Garden centers typically stock their plants from a variety of their own wholesale sources, some of which may not be grown locally.  So, even if your local plant store specializes in native plants, their source will determine how well adapted the native stock will be to local conditions. 

Another complicating factor is that many native plants have been bred to modify their various characteristics, including hardiness, appearance, and disease resistance.  In many cases, the resulting cultivars become more marketable garden stock, while losing some of their native characteristics, including original appearance, form and even their natural role in a diverse ecosystem.

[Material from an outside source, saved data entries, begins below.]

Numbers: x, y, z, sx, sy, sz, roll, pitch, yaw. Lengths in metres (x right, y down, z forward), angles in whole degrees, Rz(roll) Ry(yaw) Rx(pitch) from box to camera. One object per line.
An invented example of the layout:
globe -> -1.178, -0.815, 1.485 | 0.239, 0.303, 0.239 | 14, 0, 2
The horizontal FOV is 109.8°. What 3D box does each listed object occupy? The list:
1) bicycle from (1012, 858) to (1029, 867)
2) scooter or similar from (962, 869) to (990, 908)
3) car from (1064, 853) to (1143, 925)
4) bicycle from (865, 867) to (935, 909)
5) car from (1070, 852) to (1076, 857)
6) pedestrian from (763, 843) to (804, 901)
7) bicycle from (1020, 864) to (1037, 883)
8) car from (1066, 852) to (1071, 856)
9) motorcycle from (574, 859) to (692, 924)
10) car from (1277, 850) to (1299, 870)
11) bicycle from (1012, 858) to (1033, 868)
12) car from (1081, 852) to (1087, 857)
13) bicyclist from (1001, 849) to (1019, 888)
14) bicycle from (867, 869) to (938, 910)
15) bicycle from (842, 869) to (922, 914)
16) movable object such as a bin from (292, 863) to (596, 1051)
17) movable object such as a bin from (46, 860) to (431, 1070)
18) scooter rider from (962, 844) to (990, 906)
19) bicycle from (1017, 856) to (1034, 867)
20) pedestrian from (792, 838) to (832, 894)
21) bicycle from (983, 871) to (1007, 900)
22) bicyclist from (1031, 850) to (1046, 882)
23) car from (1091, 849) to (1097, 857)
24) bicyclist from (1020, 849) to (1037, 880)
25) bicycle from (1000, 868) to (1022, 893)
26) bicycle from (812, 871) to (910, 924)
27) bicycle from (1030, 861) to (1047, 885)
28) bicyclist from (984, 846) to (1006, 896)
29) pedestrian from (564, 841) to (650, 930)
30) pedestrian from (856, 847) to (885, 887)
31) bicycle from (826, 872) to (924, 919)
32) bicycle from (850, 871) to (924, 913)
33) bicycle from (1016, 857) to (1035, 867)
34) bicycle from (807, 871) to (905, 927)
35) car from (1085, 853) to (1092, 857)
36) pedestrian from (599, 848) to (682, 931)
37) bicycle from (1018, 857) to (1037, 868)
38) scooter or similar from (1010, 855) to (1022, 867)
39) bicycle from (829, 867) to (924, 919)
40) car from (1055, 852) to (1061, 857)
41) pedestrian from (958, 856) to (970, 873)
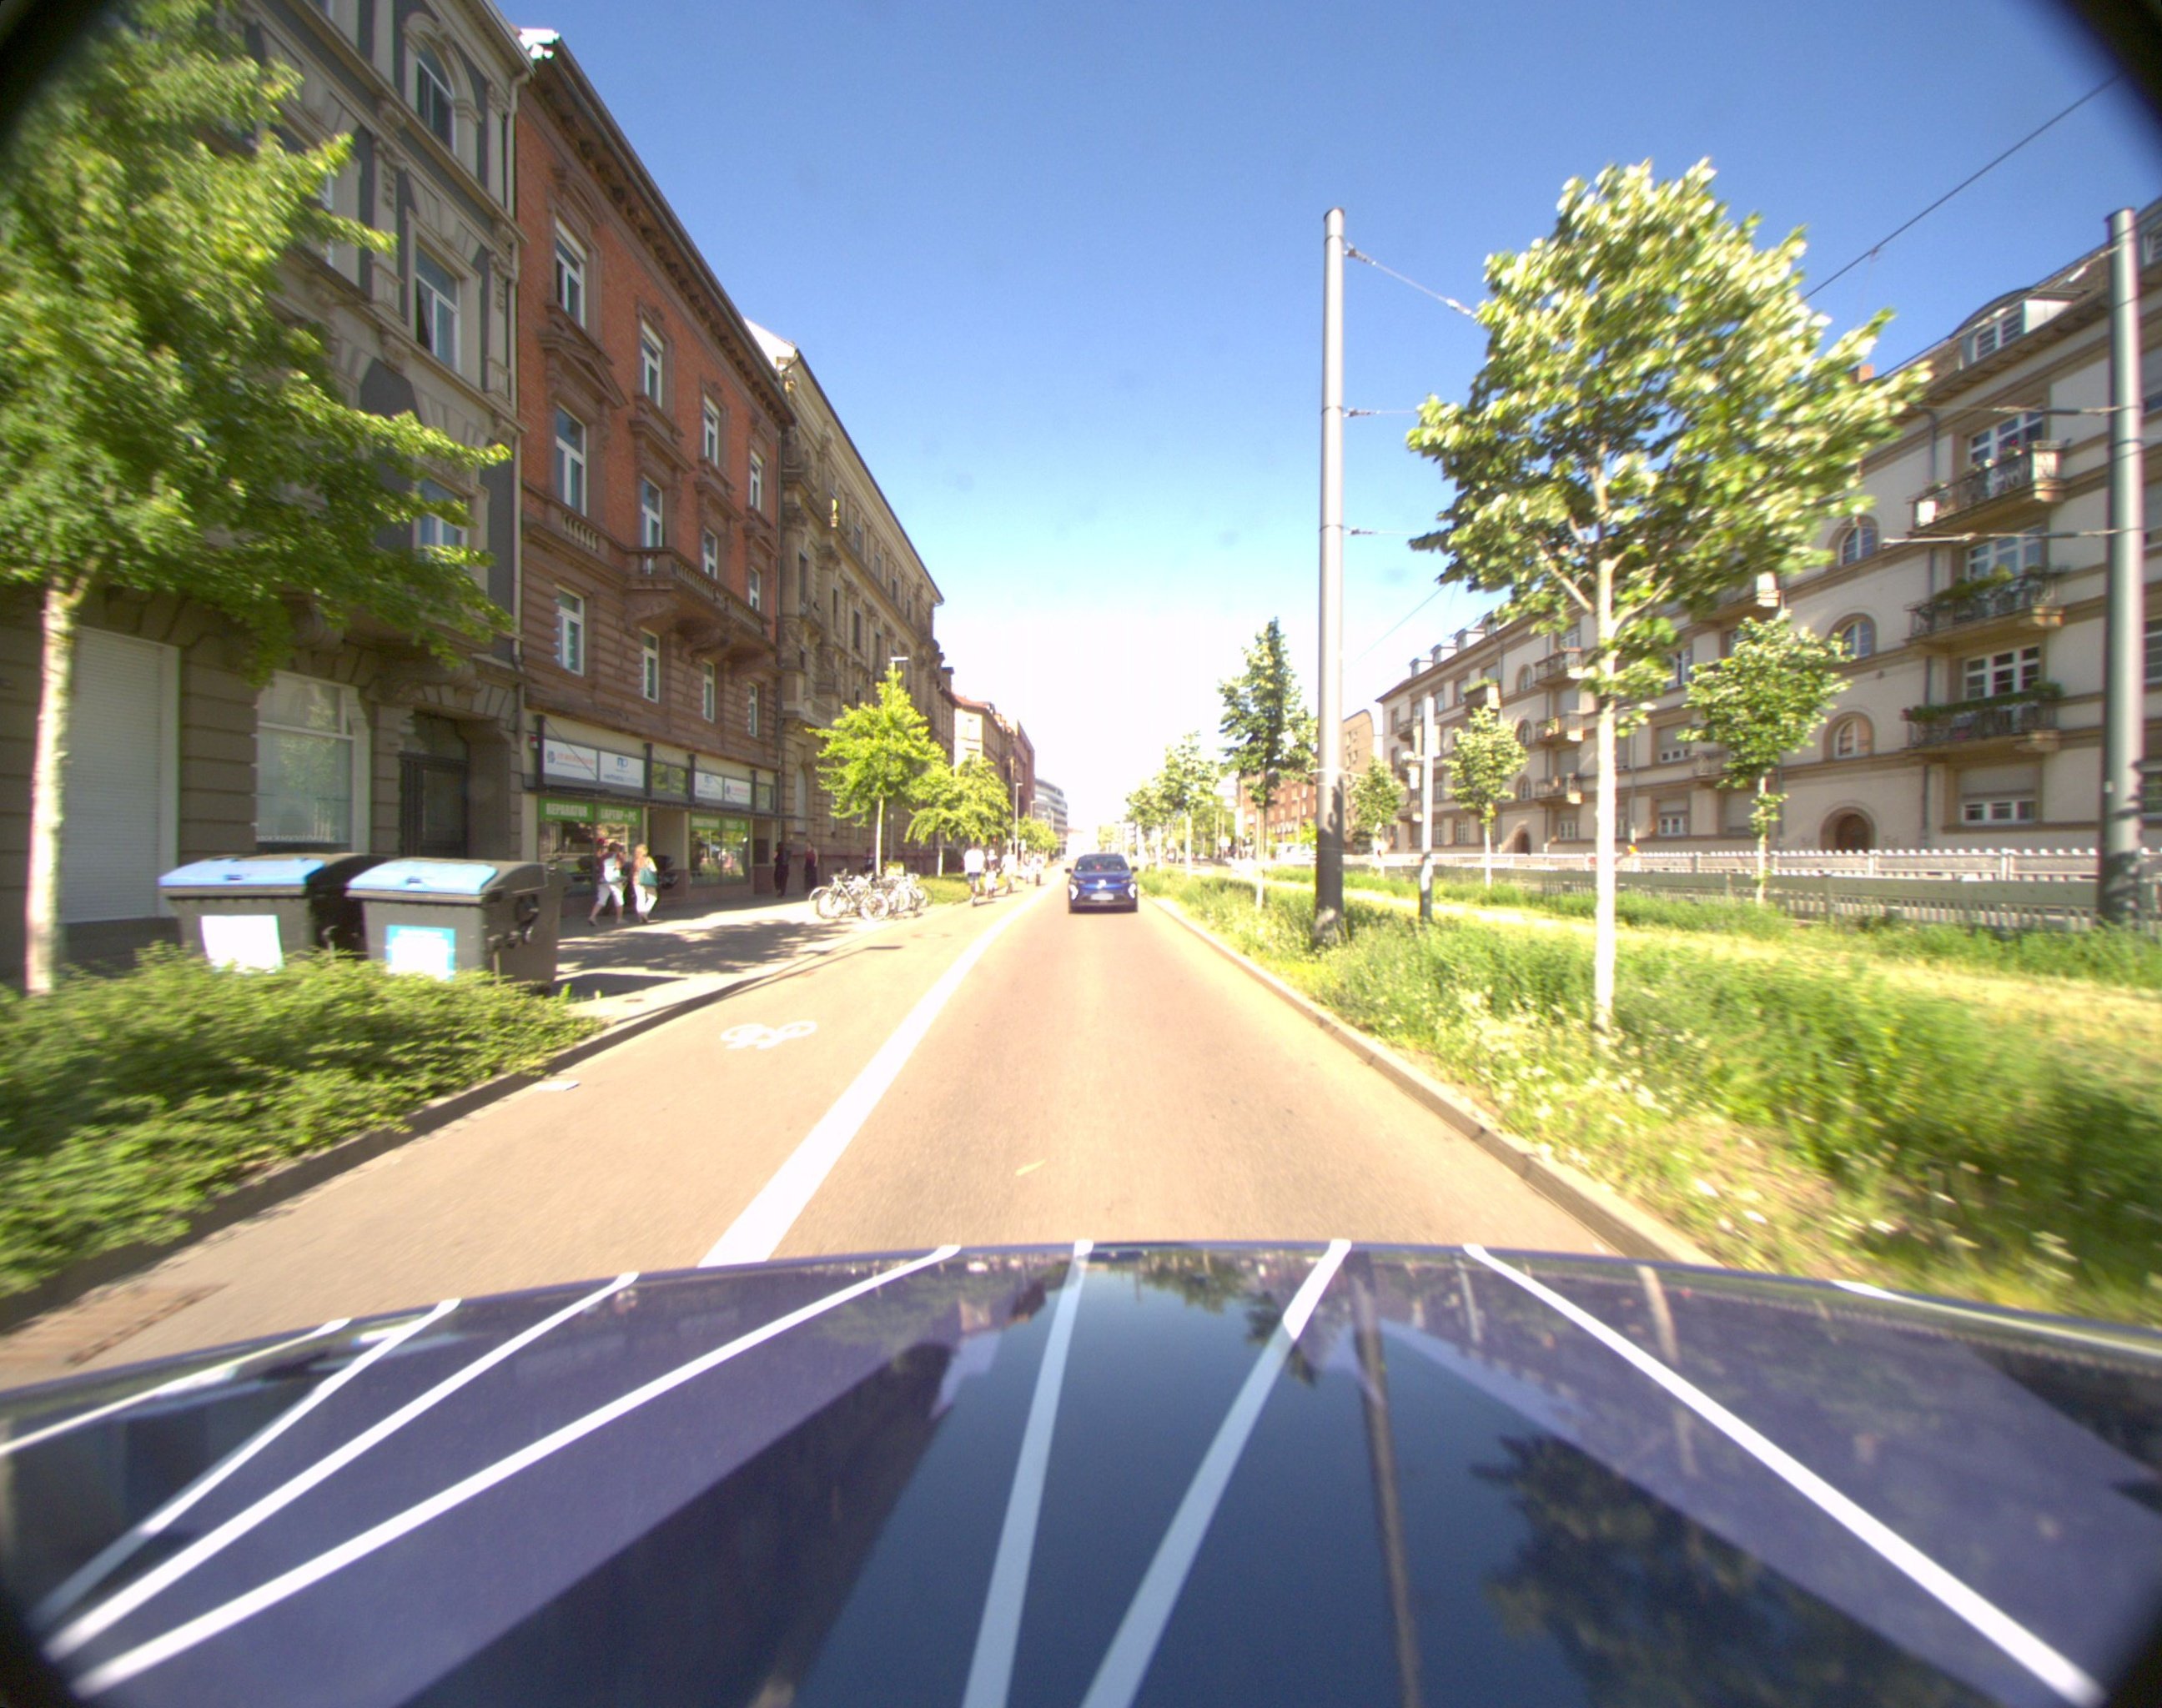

The picture at the top of this post shows a cutleaf coneflower (Rudbeckia lanciniata var. hortensia).  While this long-time, double-flowered cultivar is often described as a native plant, there is very little resemblance to the original native, single-flowered form.

There are many reasons to include native plants in your garden, but the distinction of what is and isn’t a native plant is rarely clear-cut.  These blurred lines have been further complicated by breeding of cultivars and by wholesale shipment of plant stock over long distances.  So, while it is beneficial and encouraged to use many native plants in your gardening projects, please don’t be disappointed when you experience first-hand that it is nearly impossible to find purely native plants.